> **TASK INSTRUCTIONS**
Exact copy, no pictures: return all the records as they stand.

> **SOURCE MATERIAL**
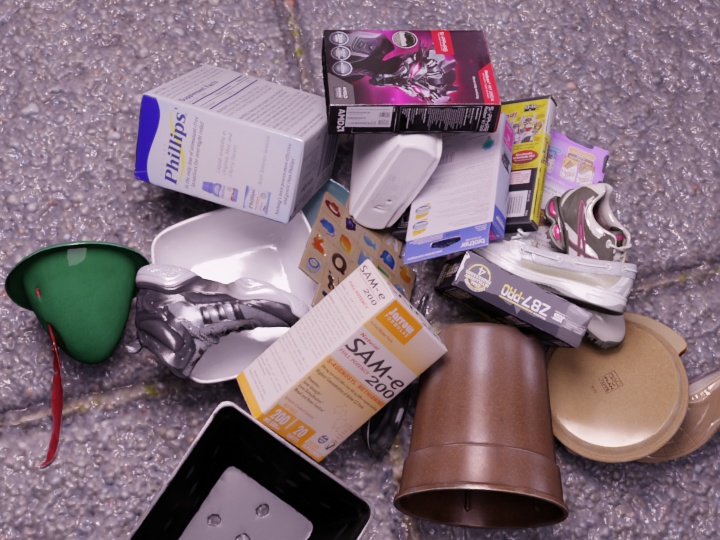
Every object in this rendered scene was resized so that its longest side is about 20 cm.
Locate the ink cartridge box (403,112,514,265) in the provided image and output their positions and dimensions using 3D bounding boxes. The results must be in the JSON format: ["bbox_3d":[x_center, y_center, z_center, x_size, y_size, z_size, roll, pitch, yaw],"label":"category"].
[{"bbox_3d":[0.120,-0.092,1.140,0.118,0.042,0.202,-13,48,31],"label":"ink cartridge box"}]

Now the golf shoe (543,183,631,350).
[{"bbox_3d":[0.288,-0.006,1.146,0.076,0.088,0.203,-9,79,-42],"label":"golf shoe"}]

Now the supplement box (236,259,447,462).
[{"bbox_3d":[-0.019,0.103,1.042,0.200,0.126,0.074,-42,43,6],"label":"supplement box"}]

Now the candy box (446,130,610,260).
[{"bbox_3d":[0.222,-0.086,1.250,0.165,0.072,0.203,20,71,-3],"label":"candy box"}]

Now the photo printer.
[{"bbox_3d":[0.044,-0.178,1.184,0.068,0.167,0.203,16,54,-17],"label":"photo printer"}]

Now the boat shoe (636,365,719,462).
[{"bbox_3d":[0.422,0.179,1.206,0.198,0.065,0.073,-33,88,2],"label":"boat shoe"}]

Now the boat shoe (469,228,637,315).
[{"bbox_3d":[0.222,-0.009,1.112,0.199,0.074,0.066,21,86,18],"label":"boat shoe"}]

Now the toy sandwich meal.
[{"bbox_3d":[0.315,0.147,1.181,0.202,0.070,0.208,-7,61,13],"label":"toy sandwich meal"}]

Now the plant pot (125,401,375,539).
[{"bbox_3d":[-0.126,0.293,1.024,0.198,0.178,0.201,34,70,3],"label":"plant pot"}]

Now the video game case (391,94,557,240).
[{"bbox_3d":[0.144,-0.129,1.206,0.197,0.025,0.183,-3,63,34],"label":"video game case"}]

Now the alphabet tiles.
[{"bbox_3d":[0.000,0.000,1.158,0.166,0.006,0.202,41,42,-23],"label":"alphabet tiles"}]

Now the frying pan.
[{"bbox_3d":[0.034,0.127,1.117,0.031,0.115,0.193,15,111,25],"label":"frying pan"}]

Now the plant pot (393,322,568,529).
[{"bbox_3d":[0.141,0.180,1.101,0.197,0.201,0.201,8,65,-7],"label":"plant pot"}]

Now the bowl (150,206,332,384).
[{"bbox_3d":[-0.138,0.028,1.129,0.197,0.075,0.203,-16,77,-12],"label":"bowl"}]

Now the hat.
[{"bbox_3d":[-0.303,0.091,1.056,0.163,0.201,0.179,-10,65,-10],"label":"hat"}]

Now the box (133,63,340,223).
[{"bbox_3d":[-0.141,-0.157,1.134,0.197,0.184,0.106,17,115,8],"label":"box"}]

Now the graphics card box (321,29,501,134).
[{"bbox_3d":[0.055,-0.218,1.085,0.196,0.051,0.127,-1,55,-5],"label":"graphics card box"}]

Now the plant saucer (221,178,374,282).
[{"bbox_3d":[-0.079,-0.029,1.208,0.196,0.027,0.204,2,74,-8],"label":"plant saucer"}]

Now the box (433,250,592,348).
[{"bbox_3d":[0.176,0.036,1.137,0.159,0.200,0.050,26,86,-1],"label":"box"}]

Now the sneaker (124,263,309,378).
[{"bbox_3d":[-0.159,0.066,1.039,0.197,0.076,0.116,11,72,1],"label":"sneaker"}]
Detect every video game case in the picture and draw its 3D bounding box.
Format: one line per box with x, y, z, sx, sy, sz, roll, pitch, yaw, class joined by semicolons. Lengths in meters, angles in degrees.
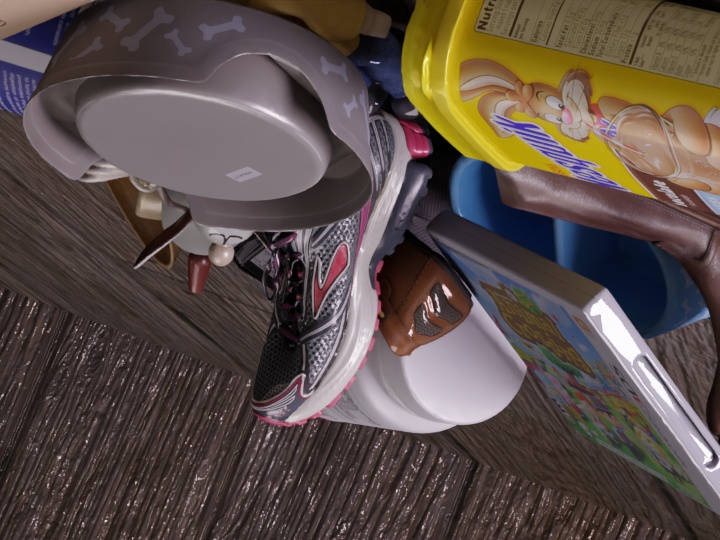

> **TASK ANSWER**
Every object in this rendered scene was resized so that its longest side is about 20 cm.
Locate the ink cartridge box (403,112,514,265) in the provided image and output their positions and dimensions using 3D bounding boxes. The results must be in the JSON format: ["bbox_3d":[x_center, y_center, z_center, x_size, y_size, z_size, roll, pitch, yaw],"label":"category"].
[{"bbox_3d":[0.120,-0.092,1.140,0.118,0.042,0.202,-13,48,31],"label":"ink cartridge box"}]

Now the golf shoe (543,183,631,350).
[{"bbox_3d":[0.288,-0.006,1.146,0.076,0.088,0.203,-9,79,-42],"label":"golf shoe"}]

Now the supplement box (236,259,447,462).
[{"bbox_3d":[-0.019,0.103,1.042,0.200,0.126,0.074,-42,43,6],"label":"supplement box"}]

Now the candy box (446,130,610,260).
[{"bbox_3d":[0.222,-0.086,1.250,0.165,0.072,0.203,20,71,-3],"label":"candy box"}]

Now the photo printer.
[{"bbox_3d":[0.044,-0.178,1.184,0.068,0.167,0.203,16,54,-17],"label":"photo printer"}]

Now the boat shoe (636,365,719,462).
[{"bbox_3d":[0.422,0.179,1.206,0.198,0.065,0.073,-33,88,2],"label":"boat shoe"}]

Now the boat shoe (469,228,637,315).
[{"bbox_3d":[0.222,-0.009,1.112,0.199,0.074,0.066,21,86,18],"label":"boat shoe"}]

Now the toy sandwich meal.
[{"bbox_3d":[0.315,0.147,1.181,0.202,0.070,0.208,-7,61,13],"label":"toy sandwich meal"}]

Now the plant pot (125,401,375,539).
[{"bbox_3d":[-0.126,0.293,1.024,0.198,0.178,0.201,34,70,3],"label":"plant pot"}]

Now the video game case (391,94,557,240).
[{"bbox_3d":[0.144,-0.129,1.206,0.197,0.025,0.183,-3,63,34],"label":"video game case"}]

Now the alphabet tiles.
[{"bbox_3d":[0.000,0.000,1.158,0.166,0.006,0.202,41,42,-23],"label":"alphabet tiles"}]

Now the frying pan.
[{"bbox_3d":[0.034,0.127,1.117,0.031,0.115,0.193,15,111,25],"label":"frying pan"}]

Now the plant pot (393,322,568,529).
[{"bbox_3d":[0.141,0.180,1.101,0.197,0.201,0.201,8,65,-7],"label":"plant pot"}]

Now the bowl (150,206,332,384).
[{"bbox_3d":[-0.138,0.028,1.129,0.197,0.075,0.203,-16,77,-12],"label":"bowl"}]

Now the hat.
[{"bbox_3d":[-0.303,0.091,1.056,0.163,0.201,0.179,-10,65,-10],"label":"hat"}]

Now the box (133,63,340,223).
[{"bbox_3d":[-0.141,-0.157,1.134,0.197,0.184,0.106,17,115,8],"label":"box"}]

Now the graphics card box (321,29,501,134).
[{"bbox_3d":[0.055,-0.218,1.085,0.196,0.051,0.127,-1,55,-5],"label":"graphics card box"}]

Now the plant saucer (221,178,374,282).
[{"bbox_3d":[-0.079,-0.029,1.208,0.196,0.027,0.204,2,74,-8],"label":"plant saucer"}]

Now the box (433,250,592,348).
[{"bbox_3d":[0.176,0.036,1.137,0.159,0.200,0.050,26,86,-1],"label":"box"}]

Now the sneaker (124,263,309,378).
[{"bbox_3d":[-0.159,0.066,1.039,0.197,0.076,0.116,11,72,1],"label":"sneaker"}]
Detect every video game case in the picture and draw its 3D bounding box.
Format: one line per box with x, y, z, sx, sy, sz, roll, pitch, yaw, class joined by semicolons. Lengths in meters, angles in degrees.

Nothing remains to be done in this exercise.